Sylvestre-Didier Mavouenzela

Président de la Chambre de commerce, d’industrie, d’agriculture et des métiers de Pointe-Noire

« Si nous ne nous mobilisons pas, alors que nous sommes en danger, les autres ne le feront pas à notre place »   

BUSINESS ET FINANCES : Le forum sur l’économie verte en est à sa sixième édition à Pointe-Noire. Le fait qu’il continue à se tenir est-ce la preuve que la démarche est bien comprise par tous, c’est-à-dire vos partenaires, les institutions financières, le gouvernement, la population ? 

SYLVESTRE-DIDIER MAVOUENZELA : Je peux dire que la notion d’économie verte est de plus en plus comprise. Mais il faut accentuer la sensibilisation. Nous sommes conscients que cette économie ne peut se développer qu’à travers la sensibilisation  et la réglementation.
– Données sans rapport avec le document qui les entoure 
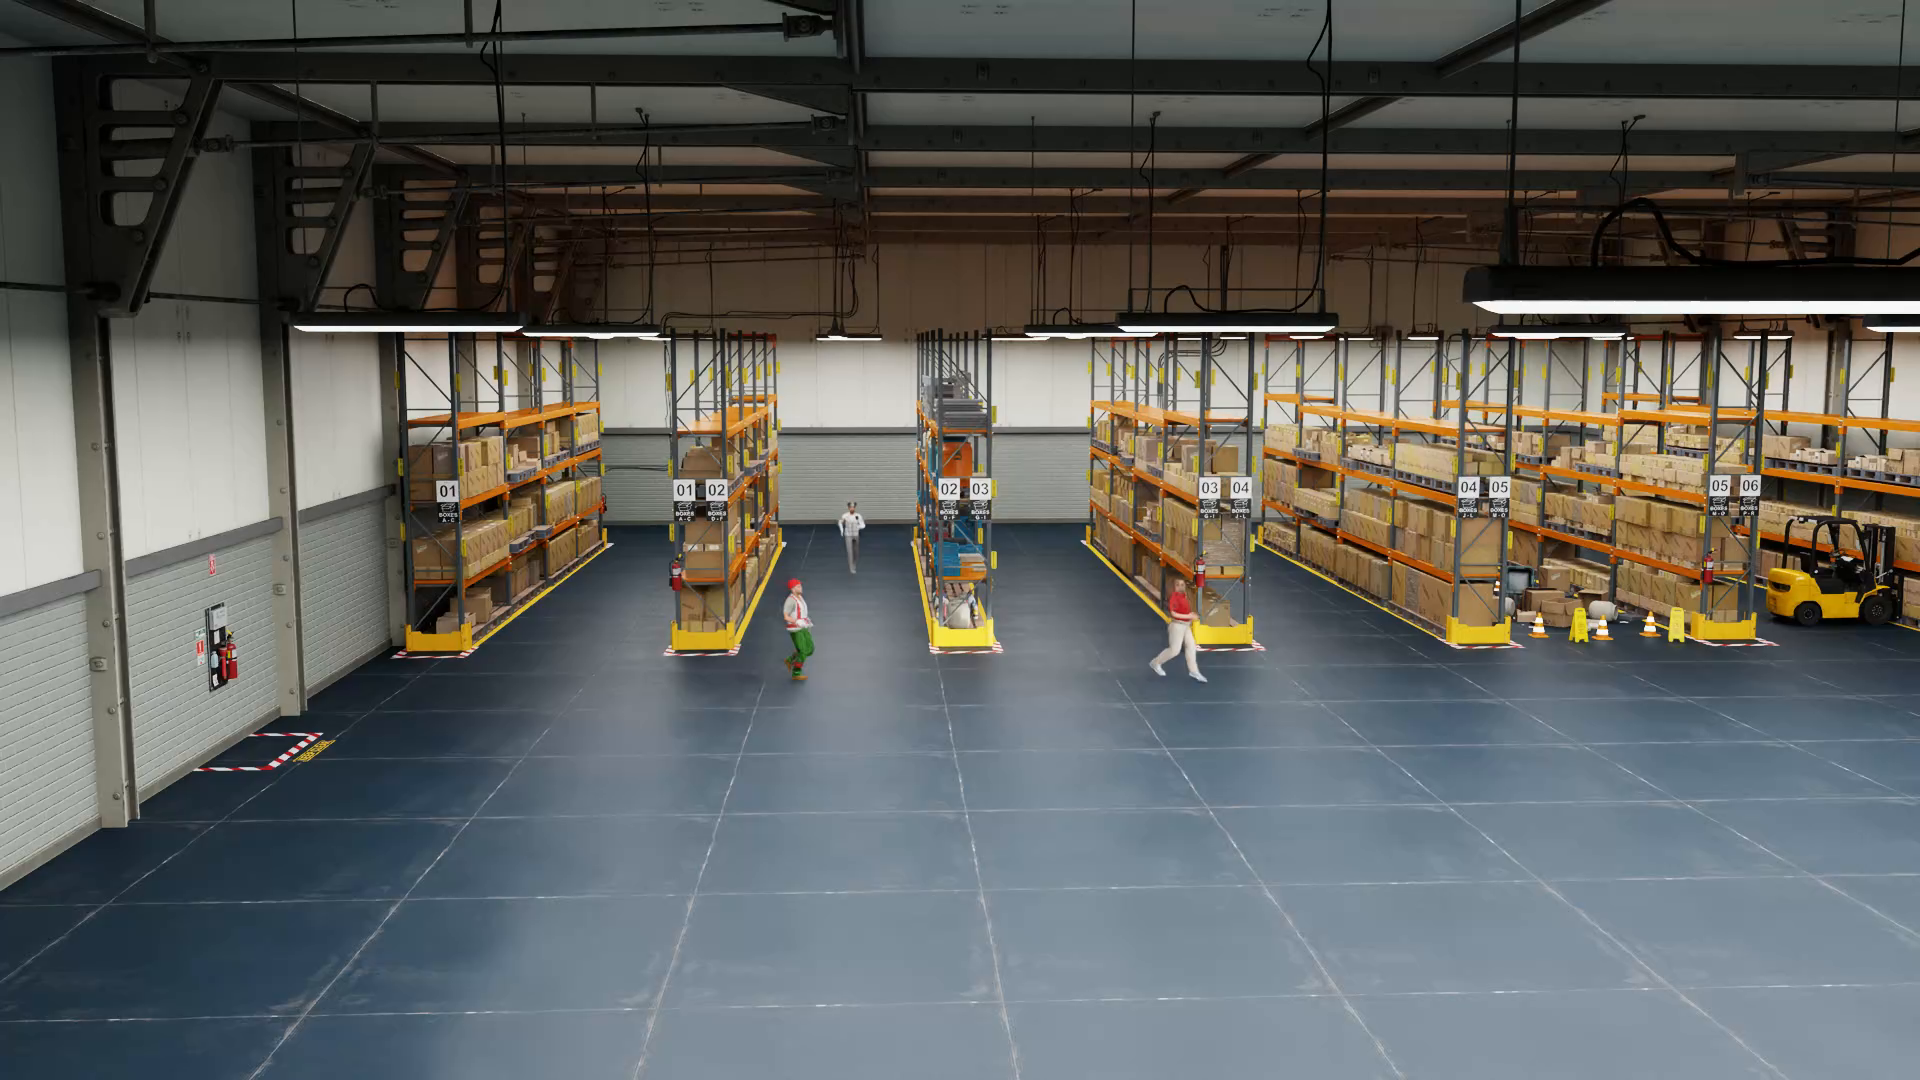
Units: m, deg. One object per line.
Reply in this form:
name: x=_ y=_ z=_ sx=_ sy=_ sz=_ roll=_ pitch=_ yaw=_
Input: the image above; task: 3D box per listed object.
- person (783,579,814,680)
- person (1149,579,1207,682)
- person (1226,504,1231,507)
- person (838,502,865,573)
person: x=-2.763 y=1.524 z=28.338 sx=0.613 sy=1.738 sz=0.651 roll=2 pitch=7 yaw=20
person: x=3.731 y=1.530 z=28.364 sx=0.980 sy=1.750 sz=0.673 roll=3 pitch=7 yaw=25
person: x=7.624 y=-0.732 z=48.129 sx=0.700 sy=1.621 sz=0.538 roll=-6 pitch=9 yaw=-44
person: x=-2.572 y=-0.065 z=39.745 sx=0.618 sy=1.704 sz=0.842 roll=-1 pitch=7 yaw=-12

À travers le forum, nous mettons l’accent sur la sensibilisation. C’est pourquoi, au cours de cette sixième édition, nous avons insisté sur la mise en place d’une fiscalité incitative pour le développement de cette économie, tout en misant sur le lobbying pour que l’économie verte soit une réalité.  Je constate que, d’année en année, nous avons plus d’intervenants. On a eu d’abord la Communauté économique des États de l’Afrique centrale (CEEAC). Cette année l’Union africaine (UA) est venue. Sur le plan local, de plus en plus de cadres de différentes administrations sont intervenus. Des ministres également.  Mais tout cela ne suffit pas.

Pourquoi ?

Il y a quelques années, on parlait de fracture numérique en ce qui concerne les nouvelles technologies de l’information et de la communication. L’Afrique ne s’était pas mobilisée. Nous craignons que, demain, ce soit le cas pour l’économie verte et que l’on parle de fracture écologique. D’autant que c’est l’Afrique qui est parmi les plus vulnérables, les plus impuissants face aux dégâts environnementaux. Si nous ne nous mobilisons pas, alors que nous sommes en danger, les autres ne le feront pas à notre place. C’est le sens de notre engagement. Le forum devient, de plus en plus, un événement qui compte. Quoi qu’il en soit, un pays, pour se développer, a toujours besoin, de temps en temps, de se poser pour réfléchir.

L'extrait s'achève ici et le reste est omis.